Currently the director of the Center for Science and Mathematics Education at the University of Utah, Nadkarni has spent the past thirty years doing canopy research in forests from the Pacific Northwest to the Amazon. She is described as the “queen of canopy research.” She has worked to incorporate people of all backgrounds in her findings and to ultimately expand the reach of scientific discussion.

At her talk, Nadkarni spoke about expansion in her own work, explaining how she managed to reorganize the importance of the canopy into four key spheres of societal living: recreational, aesthetic, religion and social justice. Through this process of reorganization, Nadkarni used pre-existing passions in the greater public as a means of entry for her own scientific knowledge.

In order to present her research in a “recreational,” or more ‘child-friendly’ light, Nadkarni created “Treetop Barbie.” Despite her product design being turned down by the actual Barbie Manufacturers, Nadkarni has managed to market the doll by collecting old Barbies from Goodwill and enlisting volunteers to sew ‘canopy-researcher’ outfits for the Barbies.

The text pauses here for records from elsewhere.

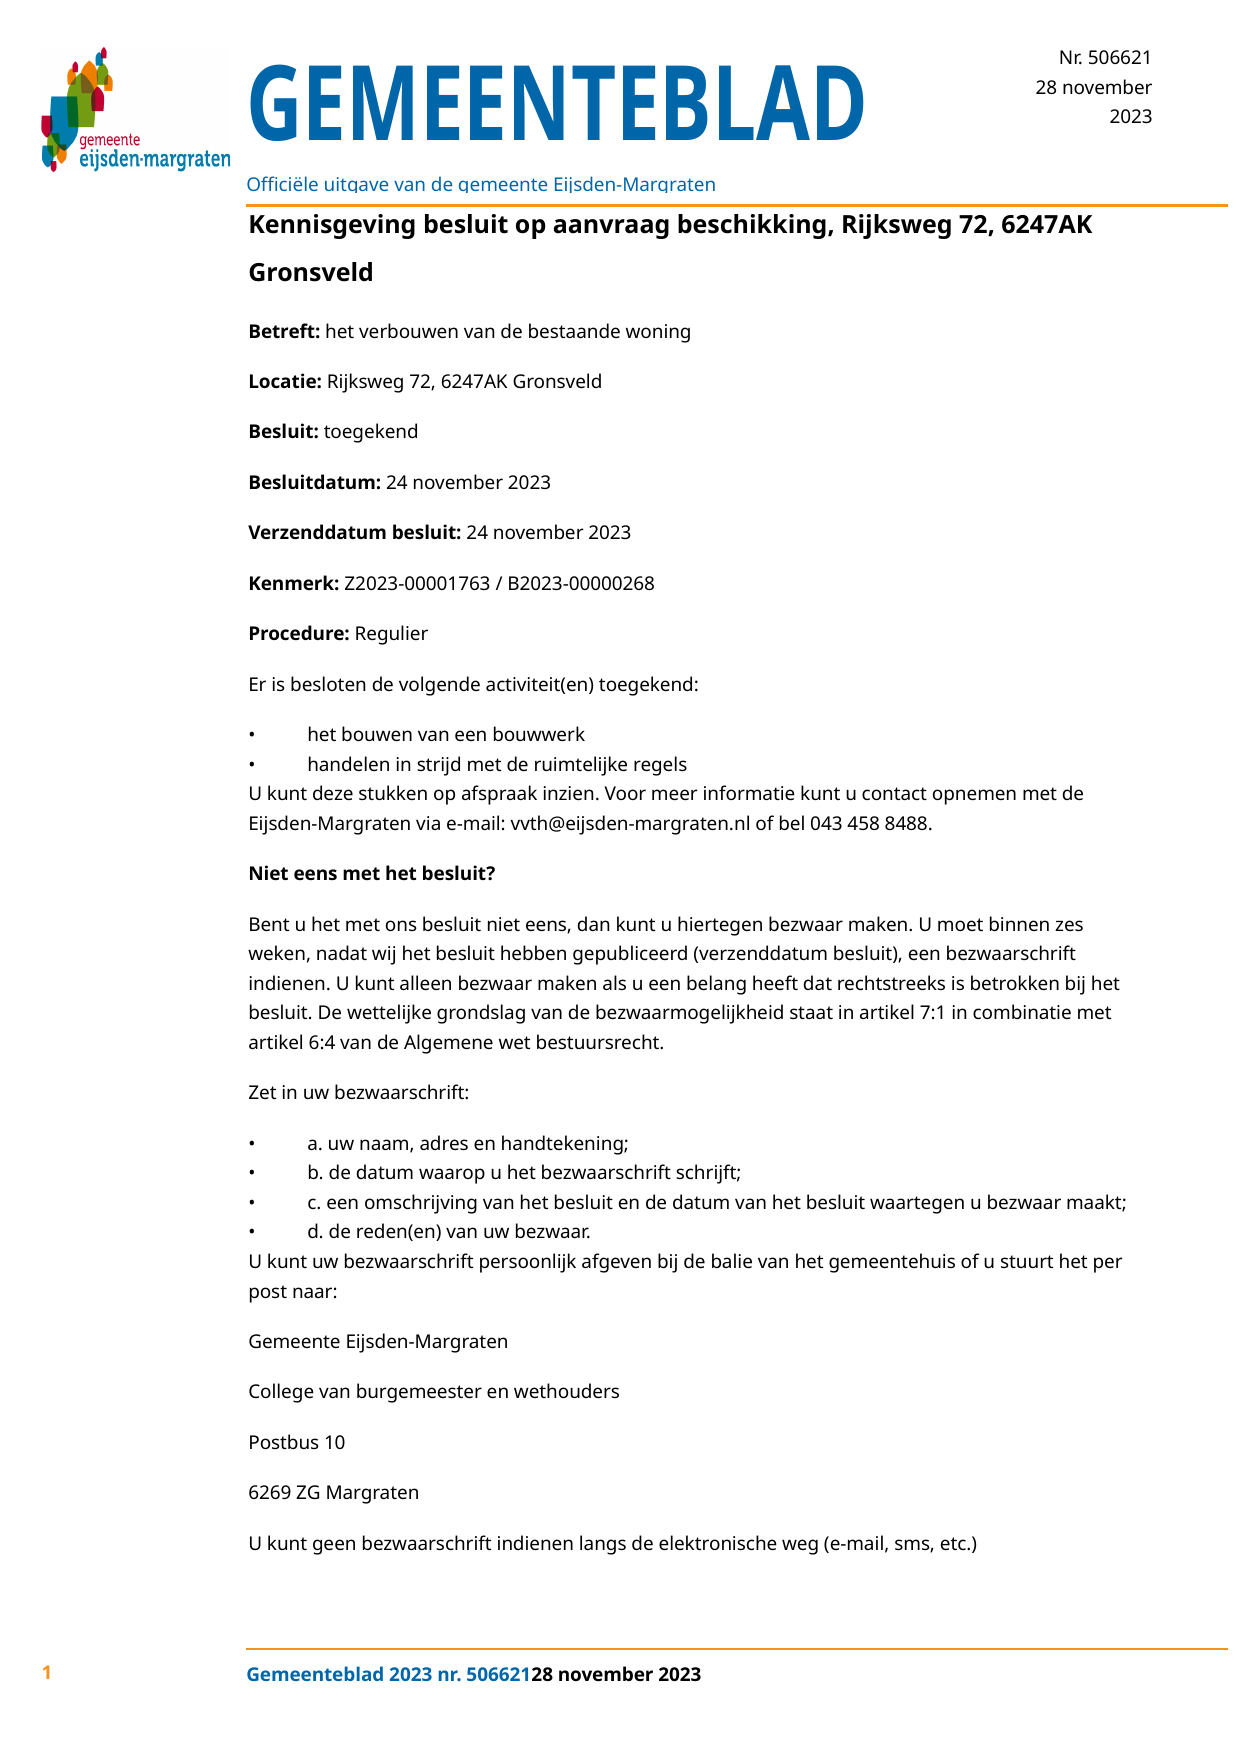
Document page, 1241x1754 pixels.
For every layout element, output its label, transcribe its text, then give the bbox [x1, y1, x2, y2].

text Besluit: toegekend [248, 419, 1152, 444]
list b. de datum waarop u het bezwaarschrift schrijft; [248, 1159, 1152, 1185]
text U kunt geen bezwaarschrift indienen langs de elektronische weg (e-mail, sms, etc.) [248, 1530, 1152, 1556]
text Procedure: Regulier [248, 620, 1152, 646]
text U kunt deze stukken op afspraak inzien. Voor meer informatie kunt u contact opnemen met de Eijsden-Margraten via e-mail: vvth@eijsden-margraten.nl of bel 043 458 8488. [248, 780, 1152, 836]
text College van burgemeester en wethouders [248, 1379, 1152, 1404]
list d. de reden(en) van uw bezwaar. [248, 1219, 1152, 1244]
text Besluitdatum: 24 november 2023 [248, 469, 1152, 495]
picture [41, 47, 231, 172]
list c. een omschrijving van het besluit en de datum van het besluit waartegen u bezwaar maakt; [248, 1189, 1152, 1215]
text Kennisgeving besluit op aanvraag beschikking, Rijksweg 72, 6247AK Gronsveld [248, 207, 1152, 288]
text Zet in uw bezwaarschrift: [248, 1079, 1152, 1105]
list a. uw naam, adres en handtekening; [248, 1130, 1152, 1156]
text Bent u het met ons besluit niet eens, dan kunt u hiertegen bezwaar maken. U moet binnen zes weken, nadat wij het besluit hebben gepubliceerd (verzenddatum besluit), een bezwaarschrift indienen. U kunt alleen bezwaar maken als u een belang heeft dat rechtstreeks is betrokken bij het besluit. De wettelijke grondslag van de bezwaarmogelijkheid staat in artikel 7:1 in combinatie met artikel 6:4 van de Algemene wet bestuursrecht. [248, 911, 1152, 1055]
text Verzenddatum besluit: 24 november 2023 [248, 519, 1152, 545]
list handelen in strijd met de ruimtelijke regels [248, 751, 1152, 777]
text Niet eens met het besluit? [248, 860, 1152, 886]
text Betreft: het verbouwen van de bestaande woning [248, 318, 1152, 344]
list het bouwen van een bouwwerk [248, 721, 1152, 747]
text Locatie: Rijksweg 72, 6247AK Gronsveld [248, 368, 1152, 394]
text Er is besloten de volgende activiteit(en) toegekend: [248, 671, 1152, 697]
text Gemeente Eijsden-Margraten [248, 1328, 1152, 1354]
text Postbus 10 [248, 1429, 1152, 1455]
text 6269 ZG Margraten [248, 1479, 1152, 1505]
text Kenmerk: Z2023-00001763 / B2023-00000268 [248, 570, 1152, 596]
text U kunt uw bezwaarschrift persoonlijk afgeven bij de balie van het gemeentehuis of u stuurt het per post naar: [248, 1248, 1152, 1304]

The dolls are sold with a pamphlet detailing important canopy mosses and lichens, in the hopes of uniting information with play. In addition, Nadkarni has worked with athletes and professors at the University of Utah to create sports posters modeling mathematical concepts, and invited those professors to P.E. classes around Salt Lake City.

The next branch she pointed to was the “aesthetic” and she described hosting conferences where she invited artists and musicians to the canopy. These guests had the opportunity to perform research alongside Nadkarni and her colleagues, and were later able to create works of art that embodied the concepts they had learned. The third subset Nadkarni addressed was that of “religion” and she explained that she had searched through multiple religious texts in order to find tree-relevant scriptures, creating a sermon on trees and spirituality. She went on to explain that this presentation largely omitted her scientific research, aiming instead to address trees from a holistic viewpoint. While this may seem to contradict her findings, this decision to rework her modern, and implicitly secular ideals into something with which people may find an emotive understanding only proves her dedication to her work.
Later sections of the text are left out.